Тем не менее, несмотря на все их старания, следующие несколько дней оказались для напарников столь же безнадежными в плане поисков: нигде не обнаружилось ни подходящих под описание драгоценностей, ни костюма. Инспектор Вайн решил совершить тур по курортным пансионам и обнаружил в одном из них оставленный коричневый костюм, но исследования патологоанатома не выявили на нем никаких пятен крови. Слегка запутал расследование солдат, заявившийся в полицию с признанием в убийстве женщины в поезде, однако хватило одного короткого допроса в Скотленд-Ярде, чтобы убедиться в ложности этого признания. Его передали обратно армейским властям как дезертира.

* * *

Вскоре после этого состоялось второе дознание. Представители власти собрались в том же составе: коронер и его помощник, полицейские из трех ведомств, солиситоры и одиннадцать присяжных. На этот раз допрашивали новых свидетелей, в частности, доктора Спилсбери, появление которого глубоко взволновало Гая.

– Ведь это именно он идентифицировал разложившийся труп жены доктора Криппена, спрятанный им в подвале собственного дома, – пылко прошептал он своему напарнику, который в ответ тихо посоветовал ему угомониться.

Первой допросили Мейбл Роджерс, по-прежнему одетую в глубокий траур. Салливан заметил, что на этот раз она пришла без сопровождения медсестры, хотя ее спутник выглядел не менее убого, чем на первом дознании. Она не носила обручального кольца, так что он, видимо, не мог быть ее мужем, хотя и явно заботился о ней. Они часто переглядывались, и если Мейбл затруднялась с ответом на вопрос коронера, ее голос обретал уверенность лишь после того, как ее сопровождающий одобрительно кивал ей. Ее попросили повторить некоторые детали, касающиеся мужчины, зашедшего в их купе.

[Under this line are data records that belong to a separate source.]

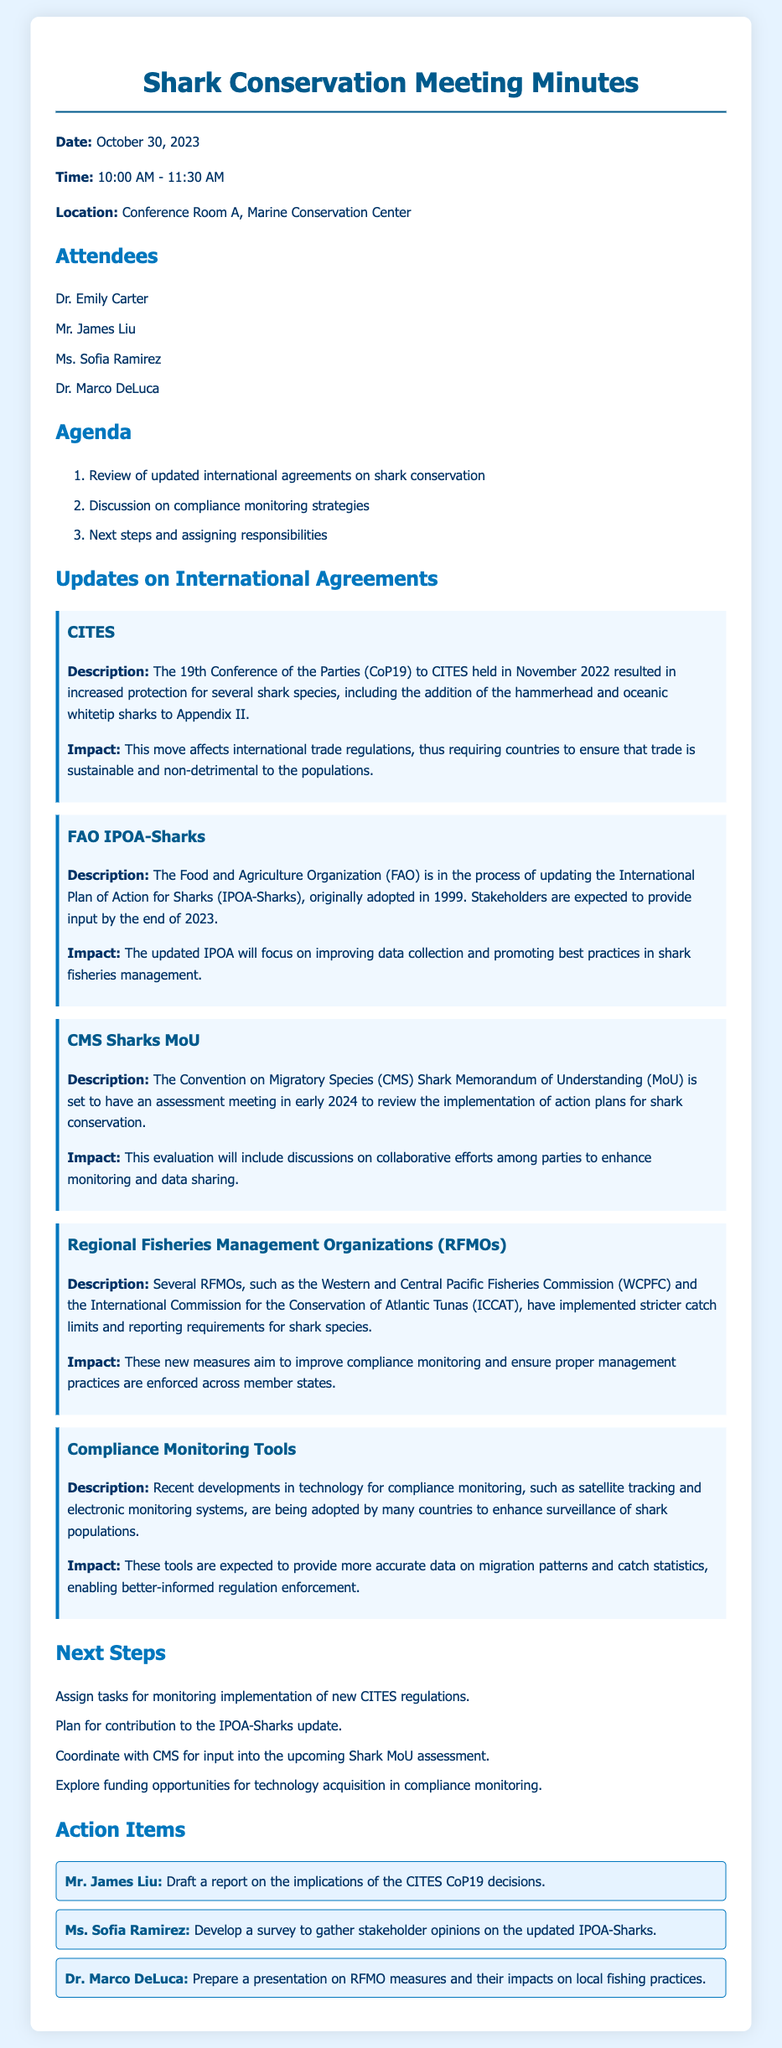What was the date of the meeting? The date of the meeting is stated at the beginning of the document as October 30, 2023.
Answer: October 30, 2023 Who reported on the implications of the CITES CoP19 decisions? This information is noted in the action items section where Mr. James Liu is assigned to draft a report.
Answer: Mr. James Liu What international agreement added the hammerhead and oceanic whitetip sharks to Appendix II? The document specifies that CITES is the agreement that made this addition during CoP19.
Answer: CITES When is the next assessment meeting for the CMS Shark MoU scheduled? The meeting is mentioned to be happening in early 2024.
Answer: Early 2024 What focus will the updated IPOA-Sharks have? The document highlights that the updated IPOA will focus on improving data collection and promoting best practices.
Answer: Improving data collection and promoting best practices How many attendees were present at the meeting? The document lists the names of four attendees in the attendees section.
Answer: Four Which regional fisheries management organizations are mentioned? The document specifically names two organizations: WCPFC and ICCAT.
Answer: WCPFC and ICCAT What was one of the next steps discussed in the meeting? The next steps include tasks like planning for contribution to the IPOA-Sharks update, which is outlined in the next steps section.
Answer: Plan for contribution to the IPOA-Sharks update 
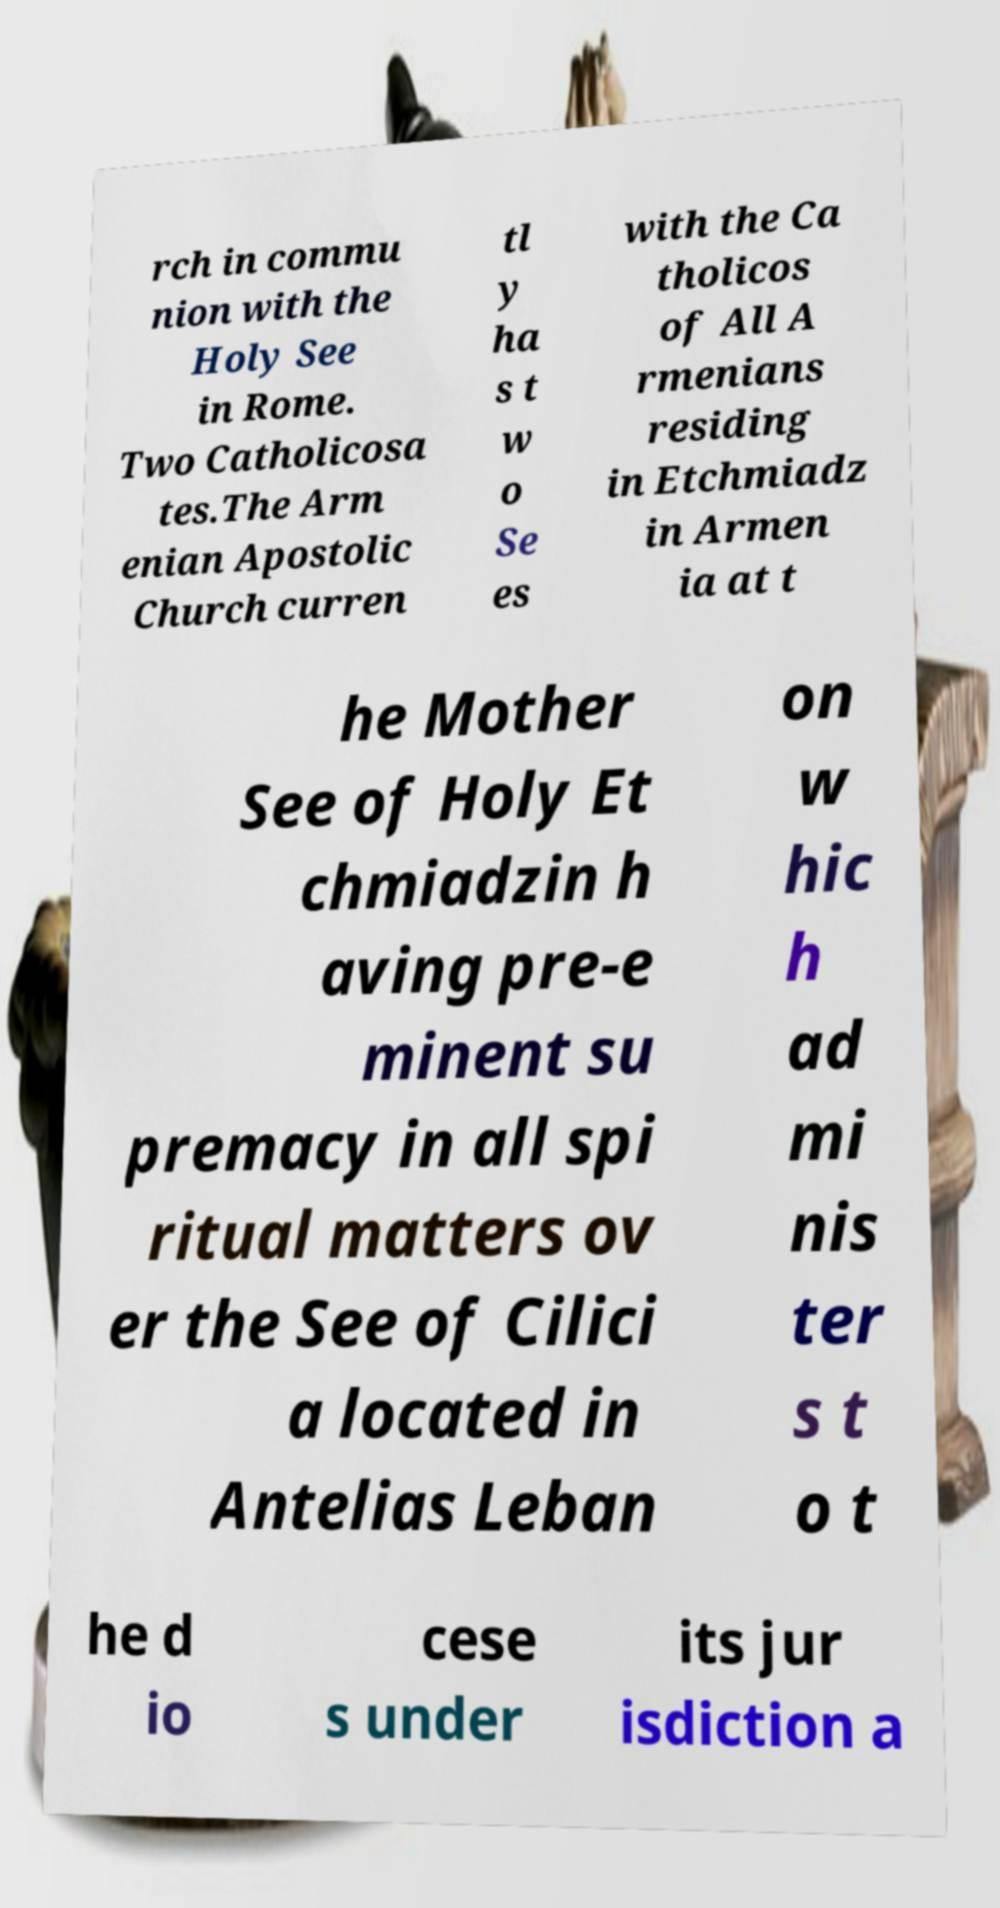I need the written content from this picture converted into text. Can you do that? rch in commu nion with the Holy See in Rome. Two Catholicosa tes.The Arm enian Apostolic Church curren tl y ha s t w o Se es with the Ca tholicos of All A rmenians residing in Etchmiadz in Armen ia at t he Mother See of Holy Et chmiadzin h aving pre-e minent su premacy in all spi ritual matters ov er the See of Cilici a located in Antelias Leban on w hic h ad mi nis ter s t o t he d io cese s under its jur isdiction a 
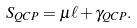Convert formula to latex. <formula><loc_0><loc_0><loc_500><loc_500>S _ { Q C P } = \mu \ell + \gamma _ { Q C P } .</formula> 
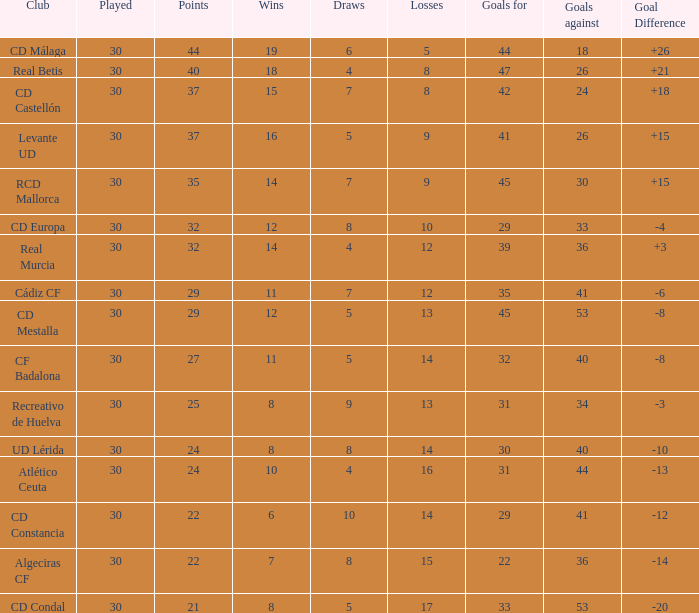What is the wins number when the points were smaller than 27, and goals against was 41? 6.0. 
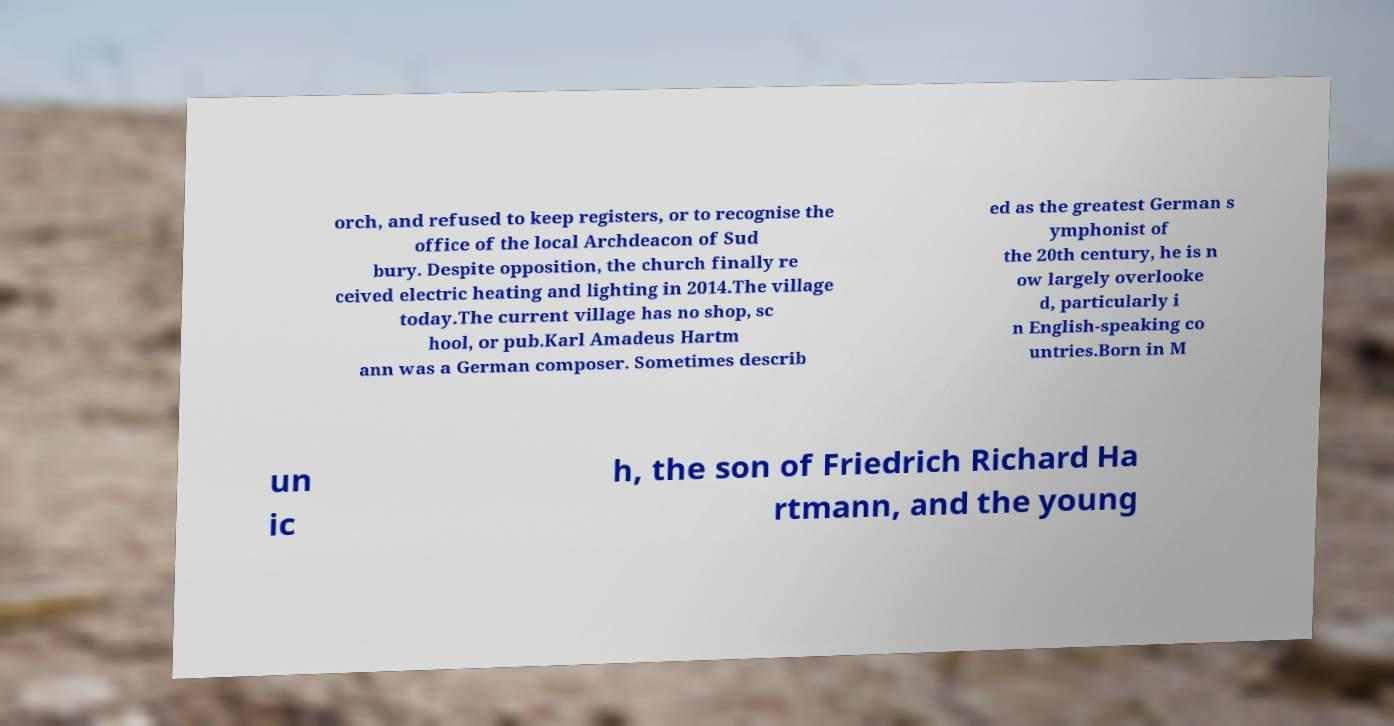I need the written content from this picture converted into text. Can you do that? orch, and refused to keep registers, or to recognise the office of the local Archdeacon of Sud bury. Despite opposition, the church finally re ceived electric heating and lighting in 2014.The village today.The current village has no shop, sc hool, or pub.Karl Amadeus Hartm ann was a German composer. Sometimes describ ed as the greatest German s ymphonist of the 20th century, he is n ow largely overlooke d, particularly i n English-speaking co untries.Born in M un ic h, the son of Friedrich Richard Ha rtmann, and the young 
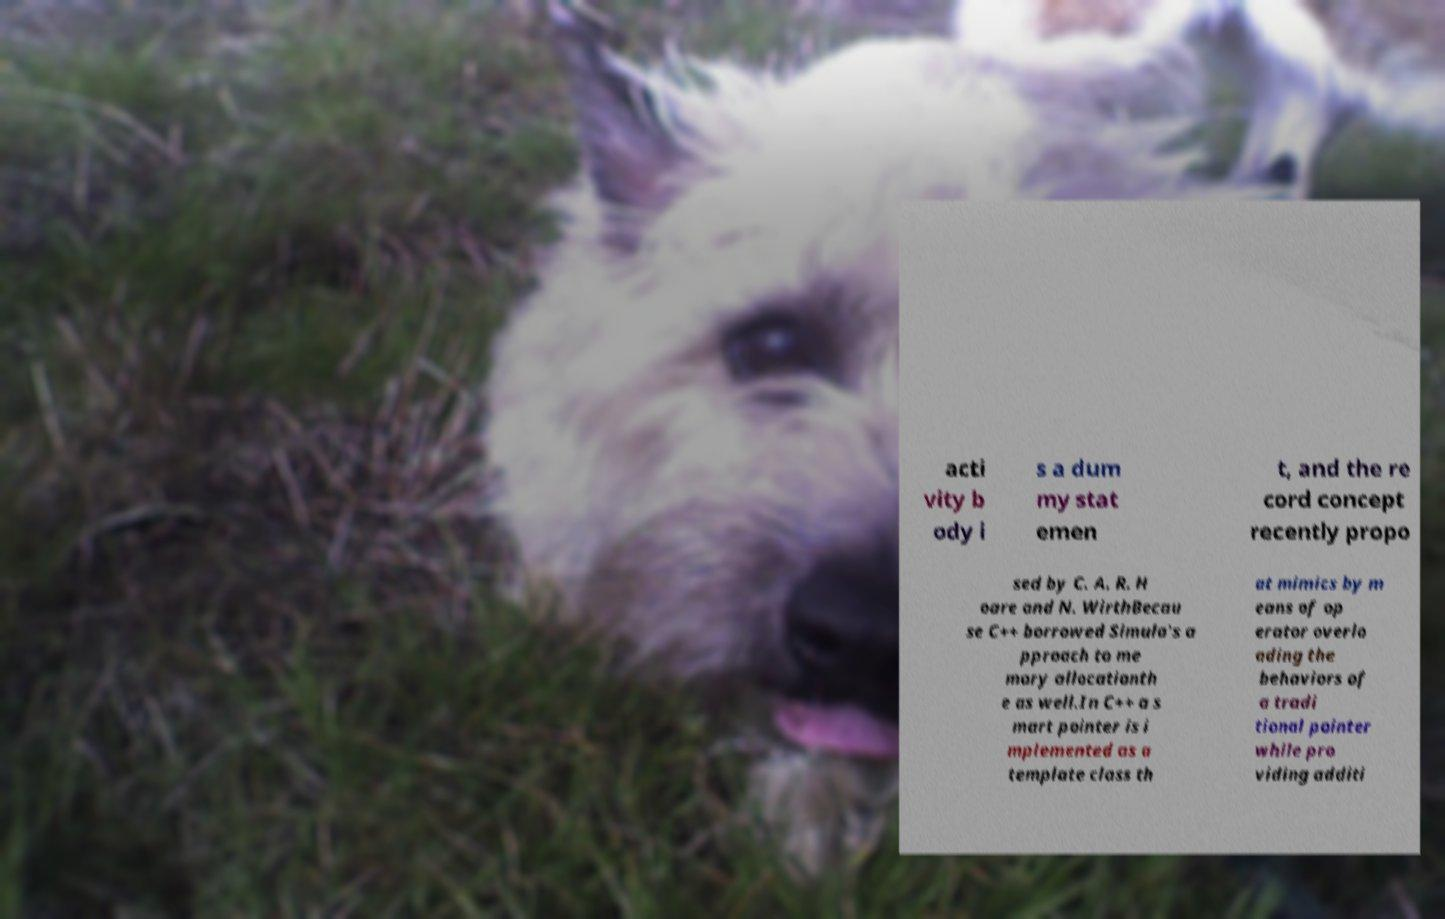For documentation purposes, I need the text within this image transcribed. Could you provide that? acti vity b ody i s a dum my stat emen t, and the re cord concept recently propo sed by C. A. R. H oare and N. WirthBecau se C++ borrowed Simula's a pproach to me mory allocationth e as well.In C++ a s mart pointer is i mplemented as a template class th at mimics by m eans of op erator overlo ading the behaviors of a tradi tional pointer while pro viding additi 
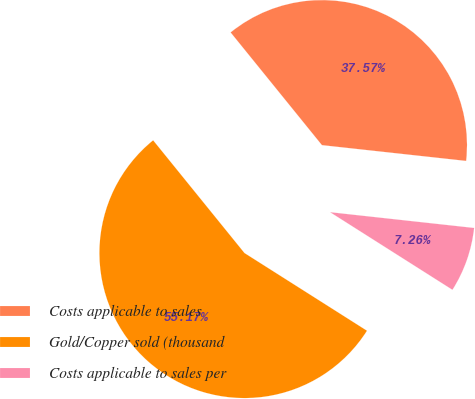Convert chart. <chart><loc_0><loc_0><loc_500><loc_500><pie_chart><fcel>Costs applicable to sales<fcel>Gold/Copper sold (thousand<fcel>Costs applicable to sales per<nl><fcel>37.57%<fcel>55.16%<fcel>7.26%<nl></chart> 
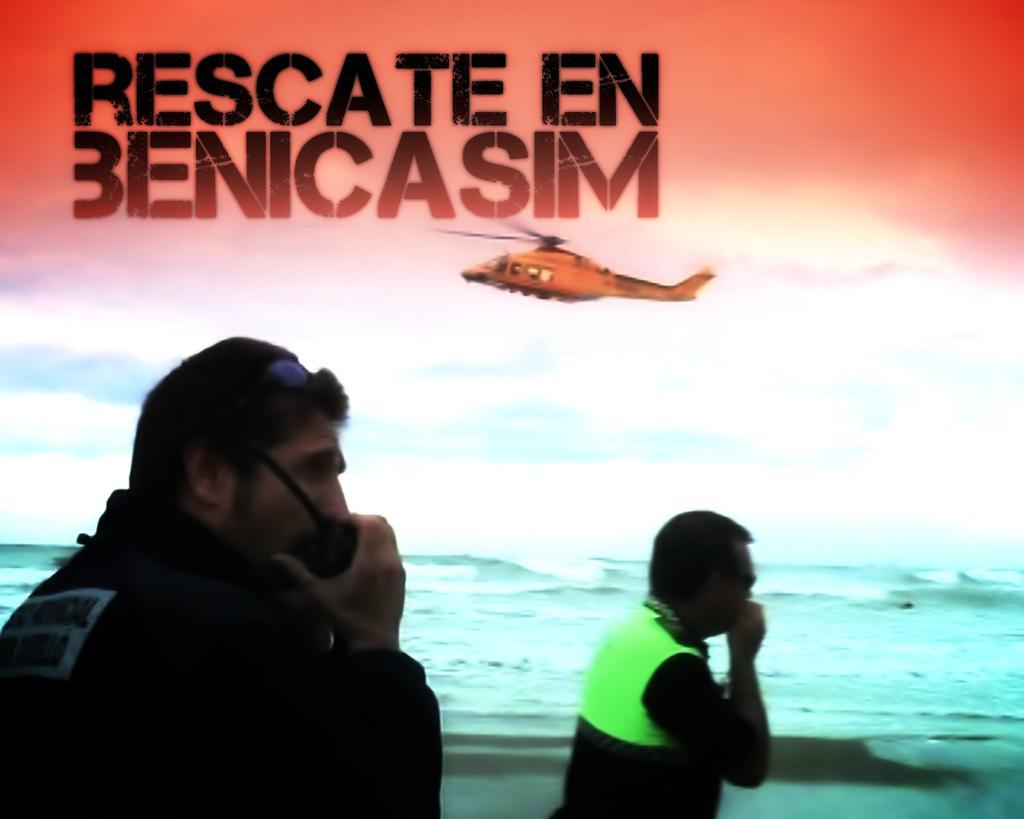In one or two sentences, can you explain what this image depicts? In this picture there are two security persons wearing a black color jacket and talking on the walkie talkie. Behind there is a sea waves. On the top there is a helicopter in the sky and a small quote written on the top right side.

– Я уже рассказала все, что смогла вспомнить, – сказала мисс Роджерс. – Он был в коричневатом твидовом костюме из какого-то смешанного легкого материала. Ни шляпы, ни пальто у него, по-моему, не было. Кажется, он вошел без всякого багажа, хотя, возможно, и с небольшой сумкой. На вид я дала бы ему лет двадцать восемь или тридцать, и он был чисто выбрит.

– Как вы полагаете, к какому классу он мог принадлежать? – спросил коронер.

– Он мог быть клерком, каким-то служащим.

– А как вы думаете, много ли денег взяла с собой в поездку мисс Шор?

– Около трех фунтов, – ответила Мейбл. – Тем утром мы вместе с ней ходили по магазинам, и она говорила, что не может потратить больше, иначе ей не хватит денег на путешествие.

– Не могли бы вы более подробно описать ее внешний вид? Она носила какие-то драгоценности?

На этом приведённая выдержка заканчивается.